Robert J. Sternberg Kimdir?

Robert J. Sternberg, 8 Aralık 1949’da Amerika’da doğmuştur. Yale Üniversitesinde lisans eğitimini, Stanford Üniversitesinde doktorasını yapmıştır. Şuanda Cornell Üniversitesinde profesörlük yapmaktadır. İki Kuzey Amerika, bir Güney Amerika, bir Asya ve dokuz Avrupa üniversitesinden on üç fahri doktoraya sahiptir ve ayrıca Almanya’daki Heidelberg Üniversitesinde fahri profesörlüğe sahiptir. Makaleler, kitap bölümleri ve kitaplar da dahil olmak üzere 1500’den fazla yayının yazarı veya ortak yazarıdır. Amerikan Psikoloji Derneği eski başkanı olan Sternberg zeka, yaratıcılık, bilgelik gibi konuların yanı sıra aşk ve nefret üzerine de önemli çalışmalar yapmıştır. Ortaya çıkardığı Üçlü Zeka Teorisi ve Üçgen Aşk Kuramı ile bilinmektedir.
Üçgen Aşk Kuramı
Robert Sternberg’in çalışmalarına göre aşk yakınlık, tutku ve bağlılıktan oluşmaktadır. Üçgen Aşk Kuramı olarak adlandırılan bu kuramda kavramlar üçgenin her bir köşesine denk gelmektedir. Yakınlık köşesi içinde karşılıklı olarak birbirine anlayışlı olmayı, sağlıklı iletişim kurmayı ve sadakat gibi duyguları içerir. Sevgili aşık olduğu kişiye yüksek bir değer yükler ve onun mutluluğunu artırmak için davranışlarda bulunur (Atak, 2012). Tutku ise ilişkinin ateşleyicisidir. Cinsel arzular, fiziksel çekicilik, beğenme gibi dürtüler tutku öğesi altındadır. Bağlanma kişinin seveceği kişiye karar vermesiyle başlar, bu kişiyle yaşadığı aşka kendini adamasıyla devam eder. Bazen bu durumlar değişiklik gösterebilir. Gerçek aşk duyguları hissetmeden de bağlılık hissedebilir ya da bağlı olmasa da gerçek aşk besleyebilir.

Aşk Türleri
Yakınlık, tutku ve bağlanmanın çeşitli şekillerde bir araya gelmesiyle oluşan sekiz aşk türü vardır.

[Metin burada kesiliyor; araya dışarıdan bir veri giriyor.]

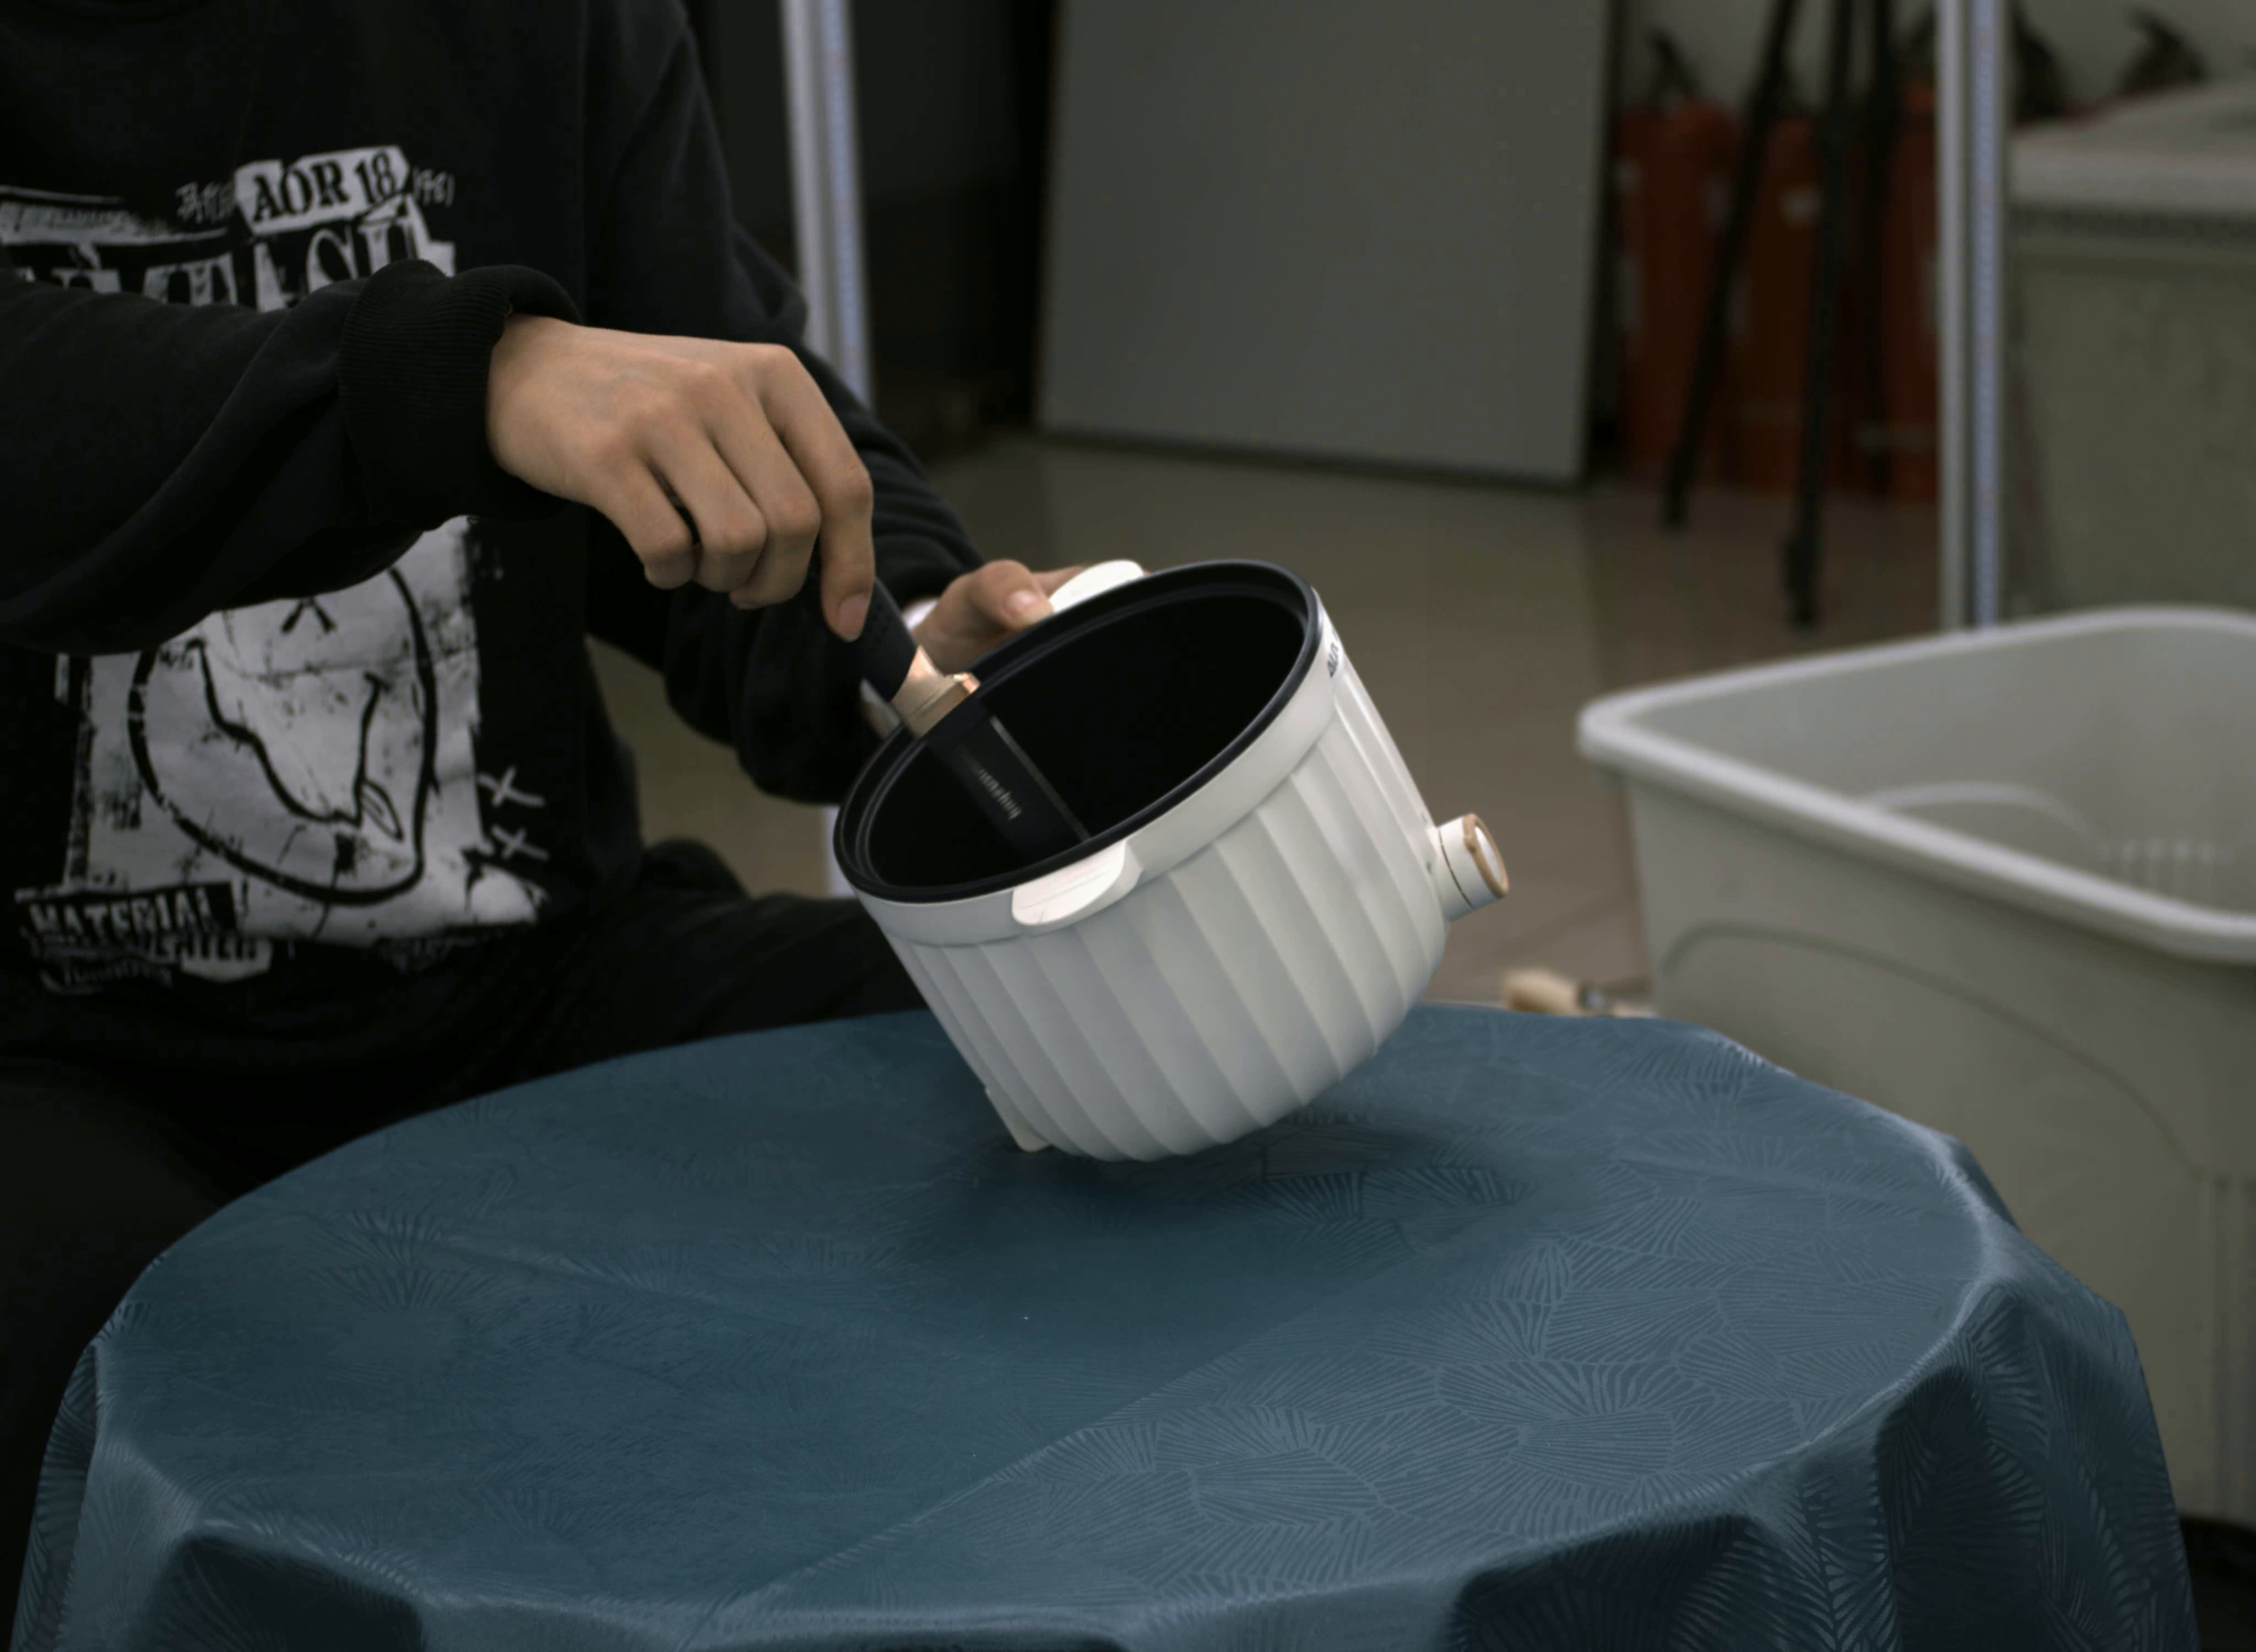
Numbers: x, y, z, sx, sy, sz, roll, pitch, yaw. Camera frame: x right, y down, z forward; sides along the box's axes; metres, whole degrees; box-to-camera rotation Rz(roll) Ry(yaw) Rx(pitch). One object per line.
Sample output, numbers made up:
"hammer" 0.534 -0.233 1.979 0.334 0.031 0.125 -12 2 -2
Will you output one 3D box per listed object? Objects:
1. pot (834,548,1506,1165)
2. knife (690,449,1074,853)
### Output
"pot" 0.017 0.014 1.791 0.190 0.142 0.241 -28 25 16
"knife" -0.060 -0.033 1.712 0.026 0.225 0.017 -46 12 -26
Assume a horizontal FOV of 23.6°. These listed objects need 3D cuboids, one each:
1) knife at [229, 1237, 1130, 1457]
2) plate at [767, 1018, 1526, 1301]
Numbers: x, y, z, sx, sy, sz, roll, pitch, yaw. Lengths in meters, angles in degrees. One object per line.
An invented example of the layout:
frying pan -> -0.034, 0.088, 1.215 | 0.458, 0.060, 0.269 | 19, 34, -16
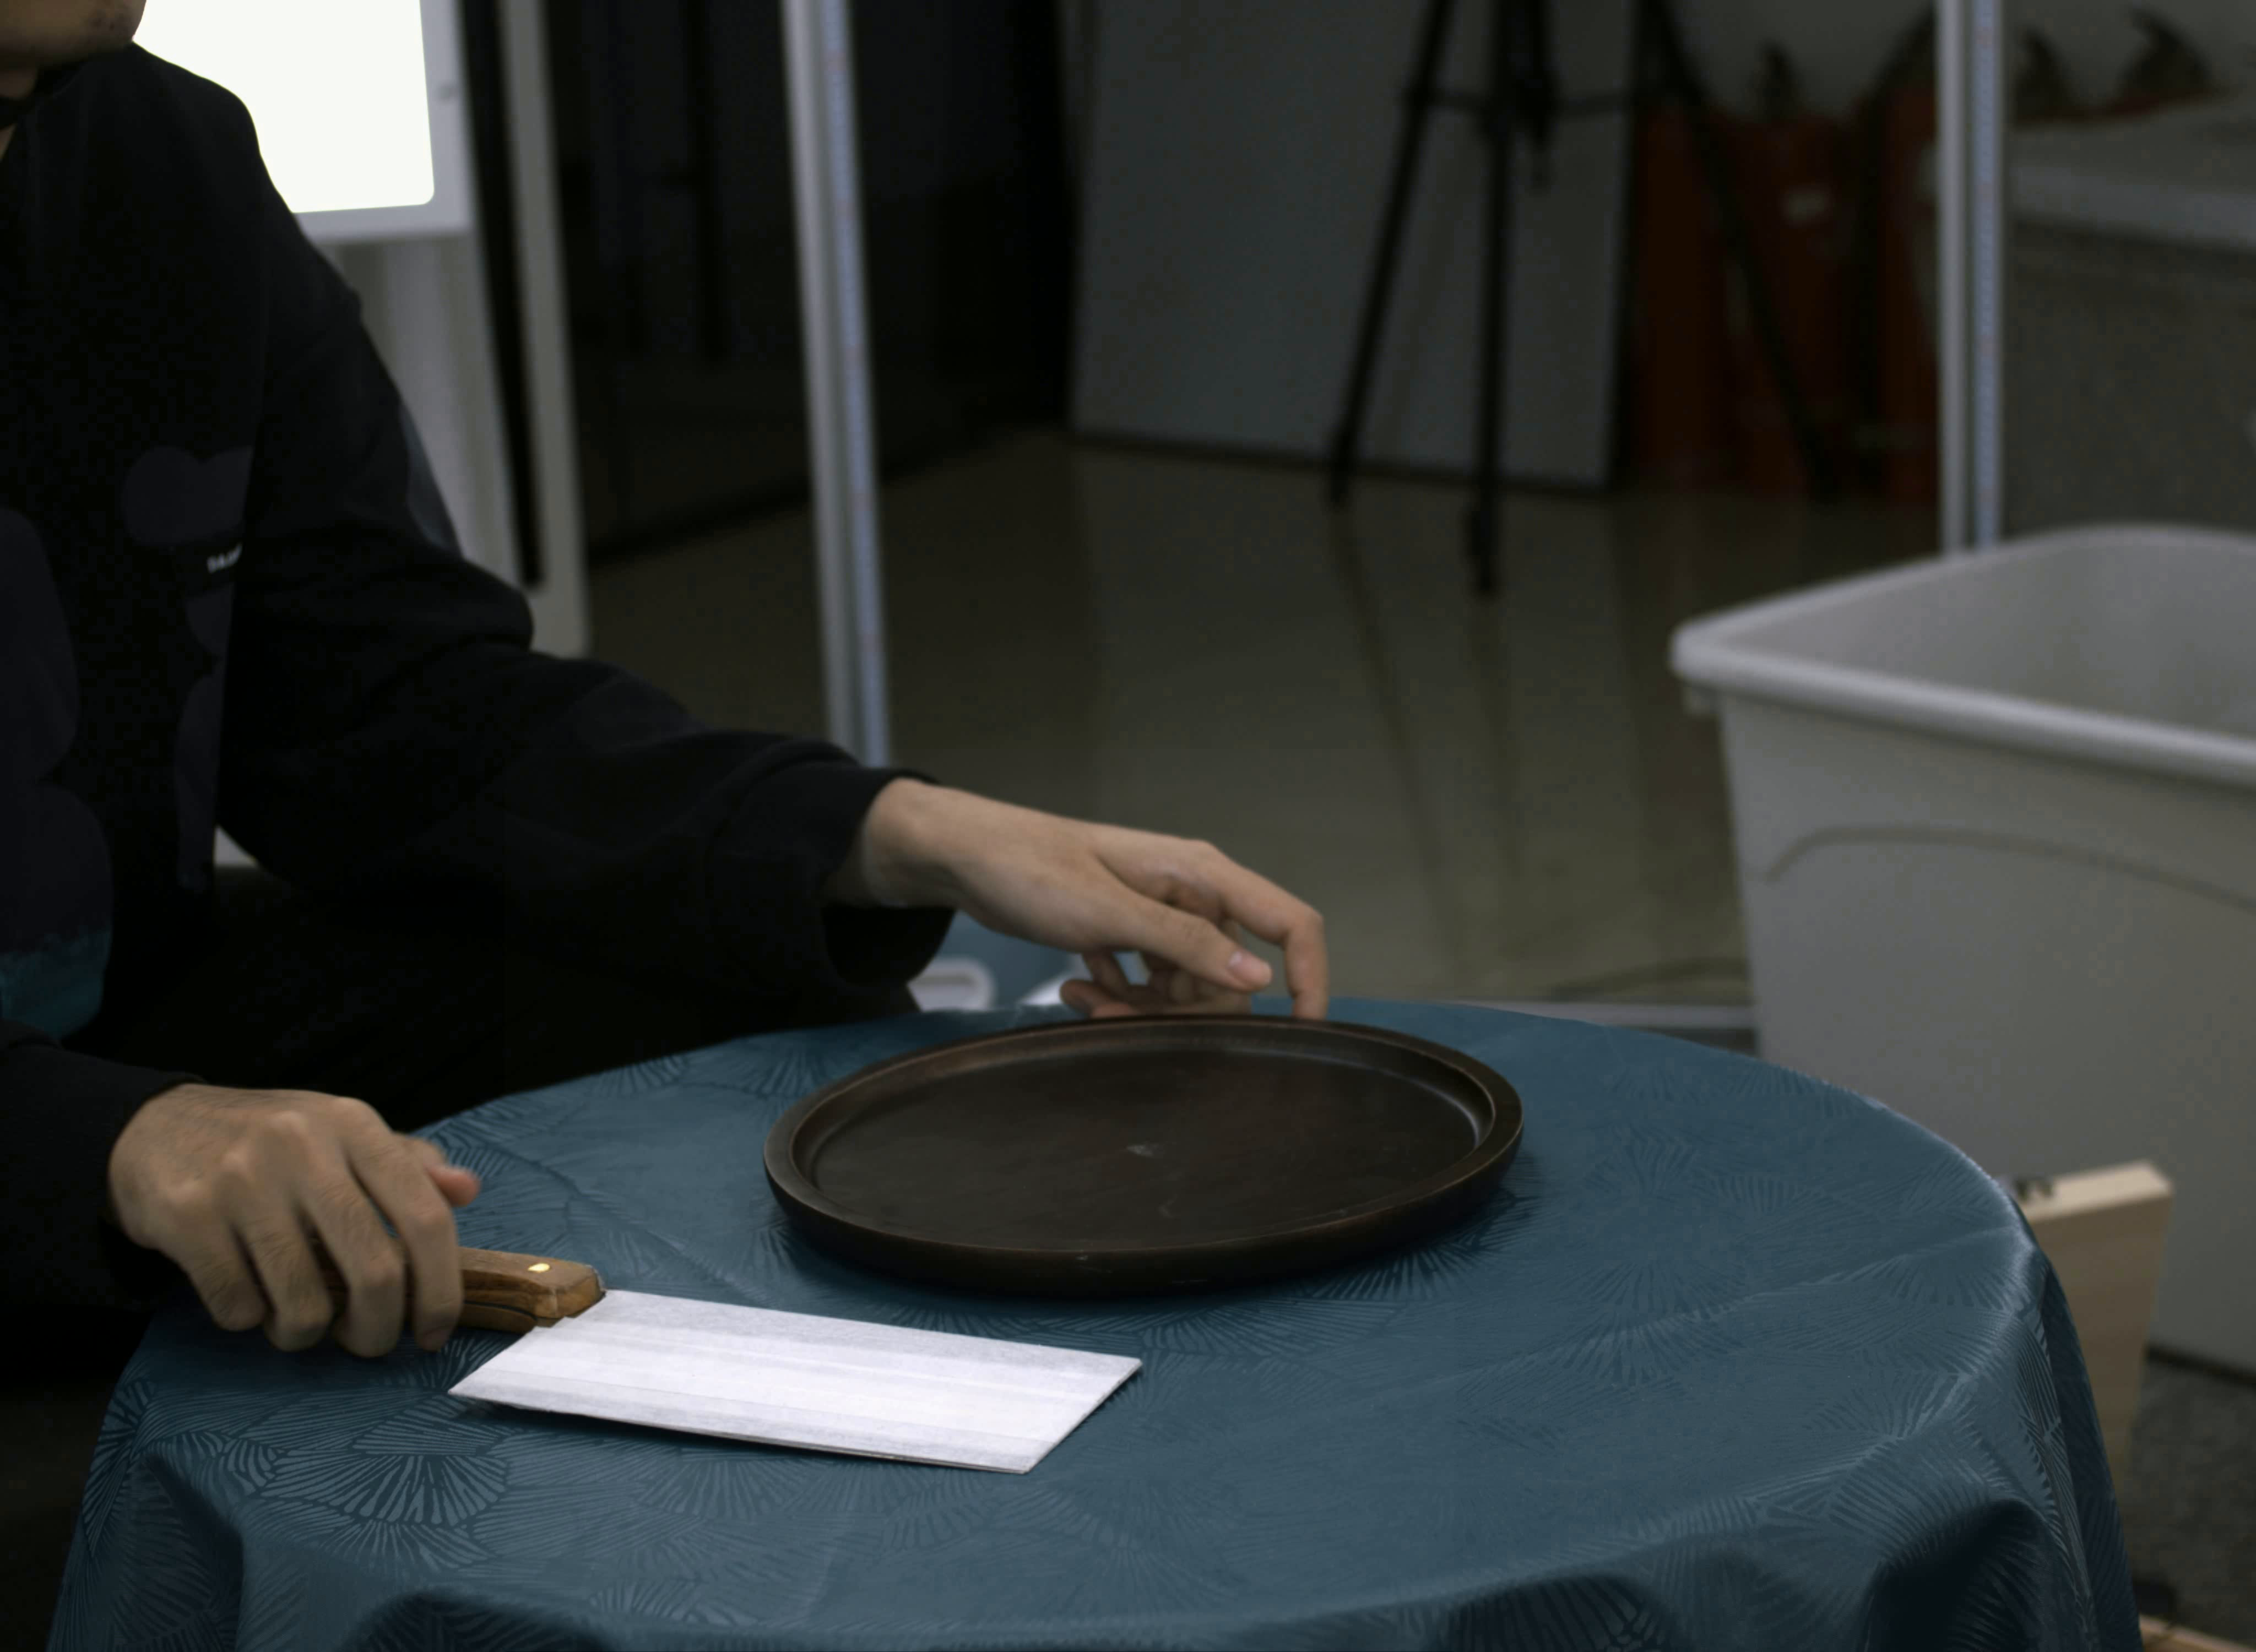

1. Beğenme/Hoşlanma (Yakınlık): Sadece yakınlık bileşenini içeren bu aşk türünde kişi duygusal yakınlık hisseder. O kişiye karşı tutku ve bağlanma hissetmez. Yakınlık ve sıcaklıktan söz edilebilir.
2. Delicesine Aşk (Tutku): Kişinin gerçekte aşık olduğu kişiye değil de kafasında hayal ettiği kişiye karşı aşkının bir saplantı haline dönüşmesidir. Bu aşk türü sadece tutku bileşenini içerir. Aşık olunan kişi idealize edilir. Çılgınca sevme davranışı, seven kişi tarafından çok kolay bir şekilde ortaya konulur. Kişi bedensel ve zihinsel olarak çok çabuk uyarılır. Halk arasında “kara sevda” olarak isimlendirilen aşk türü buna örnek verilebilir.
3. Boş Aşk (Bağlanma): Bir kişinin bir başka kişiyi sevdiğine karar vermesi, aşkını devam ettirmesi ama ilişkinin içinde yakınlık ve tutku barındırmaması boş aşk olarak isimlendirilir. Bu aşk türünde sadece bağlanma vardır. Uzun yıllar süren evliliklerde ya da uzun süreli ilişkilerde duygusallığın ve fiziksel çekimin zamanla azaldığı durumlar bu aşk türüne örnek verilebilir.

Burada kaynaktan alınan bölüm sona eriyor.